Could you like to Ven Anandajoti’s site? It sounds like he’s into some interesting things.

The benefit again is the linking. I greatly appreciate translation, but I don’t trust it, and no one should. Perhaps I need to invent a new file format. Maybe it would be called RDF or HTML with linked IDs.

sujato · May 8, 2015, 12:54am

This should be possible, including fuzzy matches.

http://www.ancient-buddhist-texts.net/

I think all you want to do should be possible with PO.

The problem is just reverse engineering an existing translation with the pali. It could be partly automated, but any system you use you’ll need to spend a lot of time fixing up by hand. That would take time, but hey, why not? If you were able to do this, it would be great to integrate existing translations with our system here on SC.

alexcc0 · May 8, 2015, 1:10am

As long as any new change doesn’t break all prior effort, then manual editing is acceptable. I’m imagining a file format that has the original texts (such as the Pali) and all translation is annotation. In fact, RDF already makes this possible and decentralized as long as HTML texts are littered with IDs (ideally RDFa 1.1).

This an example of (tedious if not educational) manual work. Note that the sections are linked to the Pali [1] as well as alternate English translations, section by section. But I’d rather get the annotation out of the way. The user should hover over or click on the text (like your sutta links, example MN19 ). The user would see the Pali in the popup, along with links to the alternatives, sentence or phrase by phrase.

alexcc0 · May 8, 2015, 1:26am

#: </h1></div><p><a class="sc" id="1"></a> msgid "“Cattārome, bhikkhave, puggalā..." msgstr "\"Monks, these four kinds of people..."

Is an4.92.po an example of HTML-to-PO? This is excellent. As for annotation, I would think only the openning tag would be necessary. And why not just:

#: <p class="sc" id="1"> msgid "etc"

At this point, I expect you want to stick with the paragraph ID numbers, but I’d recommend that in general the ID indicates its type, so that id="p1" and id="sec1" and id="sent1" and id="phrase1" can be distinguished.

sujato · May 8, 2015, 6:44am

Yes, I think that’s what we are thinking of. Not so much the alternative translations, for the aforementioned reason of time, but the basic idea. Since the Pali text is the “real thing”, it makes sense to key everything off that. So as long as everything co-ordinates with IDs or whatever that are in the Pali, all this can be done.

PO doesn’t natively support more than two things (text and translation), so far as I know, so we would have to use IDs in the Pali txt that are common between each PO file.

Can you explain how you would implement RDF in this context?

sujato · May 8, 2015, 6:48am

Not entirely sure what you mean. But the reason the HTML is there is because this is how we preserve it in the PO files, as comments. Normally PO works with just plain text.
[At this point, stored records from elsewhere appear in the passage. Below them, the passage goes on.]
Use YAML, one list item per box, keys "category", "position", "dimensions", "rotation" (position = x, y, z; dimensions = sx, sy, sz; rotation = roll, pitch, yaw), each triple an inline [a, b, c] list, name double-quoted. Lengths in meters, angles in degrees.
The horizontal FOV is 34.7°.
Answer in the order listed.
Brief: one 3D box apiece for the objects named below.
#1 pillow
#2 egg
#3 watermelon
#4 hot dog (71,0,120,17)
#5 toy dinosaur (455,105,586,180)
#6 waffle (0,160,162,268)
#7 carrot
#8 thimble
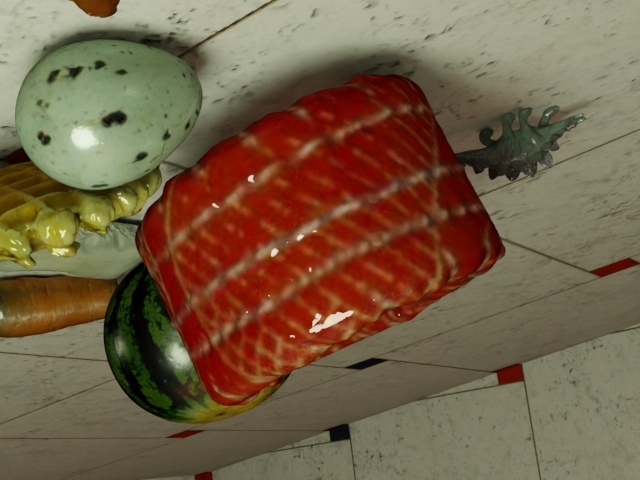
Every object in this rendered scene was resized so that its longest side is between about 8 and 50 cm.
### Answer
- category: "pillow"
  position: [-0.312, 0.008, 1.263]
  dimensions: [0.229, 0.051, 0.128]
  rotation: [6, 147, -46]
- category: "egg"
  position: [-0.182, -0.114, 0.890]
  dimensions: [0.164, 0.131, 0.131]
  rotation: [-25, 170, -31]
- category: "watermelon"
  position: [-0.159, 0.124, 1.396]
  dimensions: [0.269, 0.269, 0.269]
  rotation: [-11, 161, -4]
- category: "hot dog"
  position: [-0.156, -0.211, 0.656]
  dimensions: [0.123, 0.093, 0.261]
  rotation: [-11, 161, -3]
- category: "toy dinosaur"
  position: [0.217, -0.108, 1.228]
  dimensions: [0.209, 0.082, 0.039]
  rotation: [-16, 154, 15]
- category: "waffle"
  position: [-0.285, -0.035, 0.977]
  dimensions: [0.261, 0.056, 0.250]
  rotation: [-10, -159, 13]
- category: "carrot"
  position: [-0.375, 0.088, 1.411]
  dimensions: [0.193, 0.087, 0.087]
  rotation: [-4, 160, -35]
- category: "thimble"
  position: [0.000, 0.000, 1.057]
  dimensions: [0.350, 0.230, 0.350]
  rotation: [-26, 171, -4]
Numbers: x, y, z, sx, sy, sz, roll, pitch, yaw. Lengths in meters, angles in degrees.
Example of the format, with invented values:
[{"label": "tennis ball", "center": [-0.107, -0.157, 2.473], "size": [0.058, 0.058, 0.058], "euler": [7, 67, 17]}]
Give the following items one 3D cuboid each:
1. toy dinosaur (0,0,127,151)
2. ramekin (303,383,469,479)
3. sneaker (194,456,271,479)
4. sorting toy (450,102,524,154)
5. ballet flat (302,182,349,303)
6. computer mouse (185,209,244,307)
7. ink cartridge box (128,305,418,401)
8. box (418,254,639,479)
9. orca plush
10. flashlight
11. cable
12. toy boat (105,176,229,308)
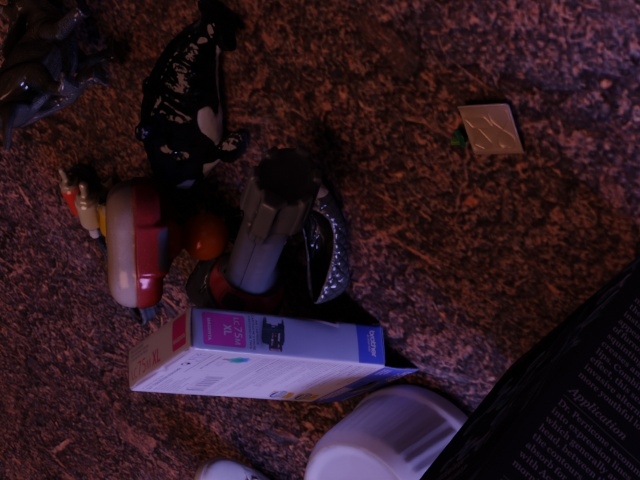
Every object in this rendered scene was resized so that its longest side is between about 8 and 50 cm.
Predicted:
[{"label": "toy dinosaur", "center": [-0.333, -0.193, 1.486], "size": [0.160, 0.313, 0.121], "euler": [-19, 139, 27]}, {"label": "ramekin", "center": [0.095, 0.325, 1.559], "size": [0.273, 0.127, 0.272], "euler": [20, 119, 41]}, {"label": "sneaker", "center": [-0.050, 0.409, 1.873], "size": [0.290, 0.106, 0.123], "euler": [38, 140, -8]}, {"label": "sorting toy", "center": [0.159, -0.111, 1.245], "size": [0.083, 0.012, 0.062], "euler": [1, 130, 39]}, {"label": "ballet flat", "center": [0.000, 0.000, 1.471], "size": [0.057, 0.049, 0.173], "euler": [15, 132, 37]}, {"label": "computer mouse", "center": [-0.123, 0.030, 1.627], "size": [0.071, 0.041, 0.242], "euler": [43, 143, 6]}, {"label": "ink cartridge box", "center": [-0.058, 0.146, 1.544], "size": [0.311, 0.065, 0.186], "euler": [10, 155, -29]}, {"label": "box", "center": [0.232, 0.246, 1.190], "size": [0.212, 0.395, 0.293], "euler": [43, 142, 6]}, {"label": "orca plush", "center": [-0.162, -0.141, 1.450], "size": [0.151, 0.102, 0.287], "euler": [45, 143, 1]}, {"label": "flashlight", "center": [-0.065, 0.001, 1.457], "size": [0.103, 0.103, 0.304], "euler": [65, 154, 25]}, {"label": "cable", "center": [-0.308, 0.007, 1.757], "size": [0.139, 0.072, 0.287], "euler": [29, 141, 30]}, {"label": "toy boat", "center": [-0.189, -0.003, 1.561], "size": [0.231, 0.151, 0.150], "euler": [-137, 46, -78]}]

So far it’s just a first run, but this is the basic idea.

In fact @blake has suggested we do something like this, but we have not implemented it.

yes, this is quite right. We haven’t yet discussed how to implement this.

alexcc0 · May 9, 2015, 1:46am

Oh, I see the tight one-to-one relationship between the original HTML and the PO file. I’m not sure how far you’ll be able to extend that hack with your wish-list, however. My sympathies and admiration go out to @blake.